Cats, during those years, were too numerous to count and I can’t remember most of their names. Skeeter was one of the early ones and, after him, Gary began calling all our cats Keeter, which must have been some kid-generated derivative of the original name. At one point, Billy had a parakeet named Jaws, who lived in the dirtiest cage known to birdkind. One day, Gary went up to Billy’s room and told him to clean the filthy cage. Just a few minutes later, Billy was found nonchalantly reading a Mad Magazine on his bed. The cage was, indeed, somewhat clean, but all the smelly bird excrement from the cage had simply been transferred to Billy’s trash can, which was just inches from his nose at the end of his supine body.
A dirty cage, however, wasn't Jaws' biggest problem. A few months later , our circuit panel went out in our house and it took several days for a new one to be installed. During that time, one of the Keeters must have become somewhat unglued, without electricity for opening his cat food cans, because he attacked Jaws in his cage and tore out all his tail feathers. Billy was much more distraught over his bird's posterior nakedness than he had ever been about his substandard living conditions. Poor Jaws was pretty pitiful himself as he couldn’t sit on his perch with his balance being all off. The most interesting part of this story is that Jaws grew new tail feathers within just a couple of days, leaving the the remorseless Keeter a bit confused and more than a little frustrated.
Next came Spunker, the rabbit. We won Spunker at the county fair and I was stupid enough to actually bring him home. Even though Spunker was supposed to live in a cage on the back porch, the mean little pervert spent a good bit of time in the house, holding us hostage, stealing dog food from the pantry, growling if we got too close, and hippity-hopping into the hall bathroom to watch Gary pee. When he eventually died, mostly of neglect, Gary told us he'd buried him in the woods behind the house, but the kids reported seeing him fling Spunker's stiff body by one of his rabbit ears, sort of like a boomerang, into the wild blue yonder. I guess the good news is that he didn't come back.

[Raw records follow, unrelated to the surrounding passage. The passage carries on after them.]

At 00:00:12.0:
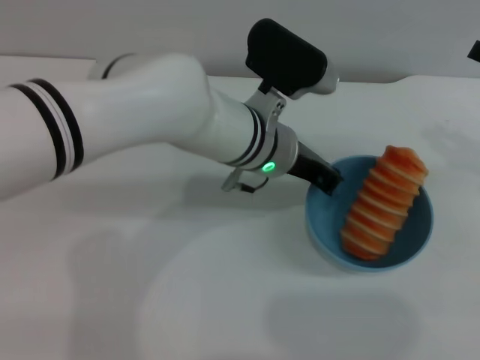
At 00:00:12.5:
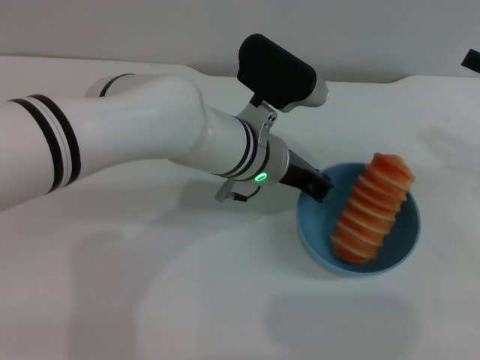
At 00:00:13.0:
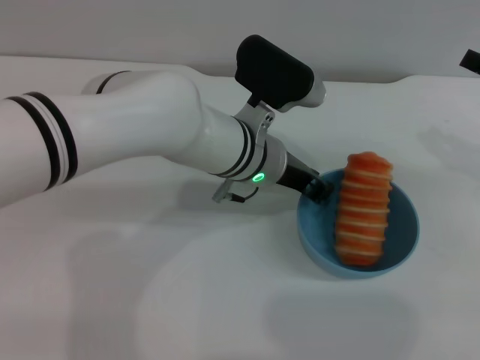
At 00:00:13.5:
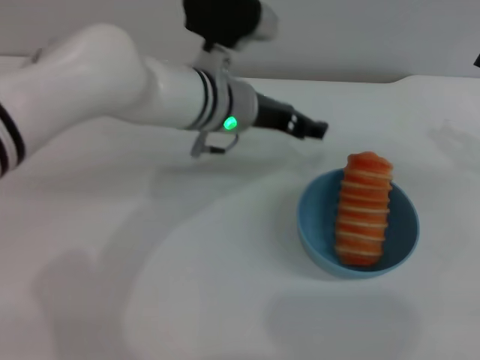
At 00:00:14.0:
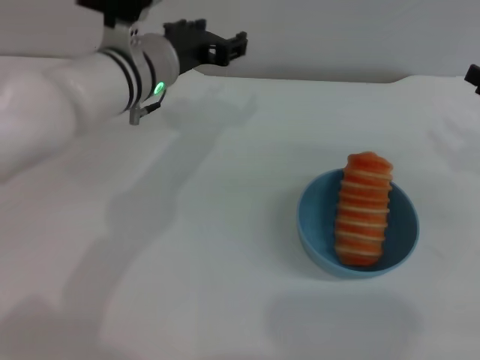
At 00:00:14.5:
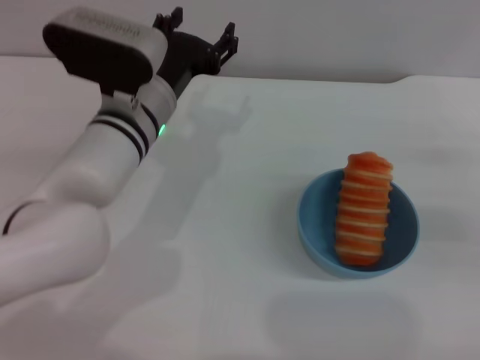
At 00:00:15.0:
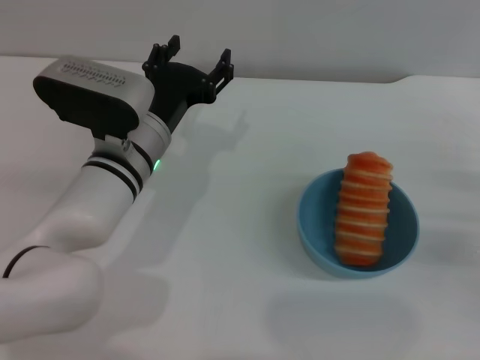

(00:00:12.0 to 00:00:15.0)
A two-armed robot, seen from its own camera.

The final pet I'll tell about in this too long story was Herschel, the hamster who was named after the great running back for the University of Georgia. Herschel lived for quite a while, long enough for a cleaning lady to quit because he kept looking at her when she cleaned the bathroom. She said it was either the hamster or her and that one of them had to go. She went.
Herschel became lost in the house one time and we couldn’t figure out where he was. One night soon thereafter, I was awakened around 11:30 by God, who told me to go downstairs and watch the Johnny Carson Show. I swear this is how I remember the story. As I was sitting in the den, appreciating Johnny's monologue, I heard a scratching sound from behind the wood paneling. After just the slightest hesitation (remember God was in on this), I got a hammer and pried the paneling from the wall, and out came Herschel, who looked pretty happy for a hamster. He did, however, appear to be a paraplegic, which made sense having fallen through the wall from his upstairs habitat. Herschel lived a while longer after that in his bathroom kingdom, without his cleaning lady, but was never again able to emulate his namesake.
And then the marriage ended, and life changed as the kids, the menagerie, and I moved a couple of blocks away. Before I knew it, however, a whole new group of animals had dropped by to spend time with us.
But that story will be best saved for later.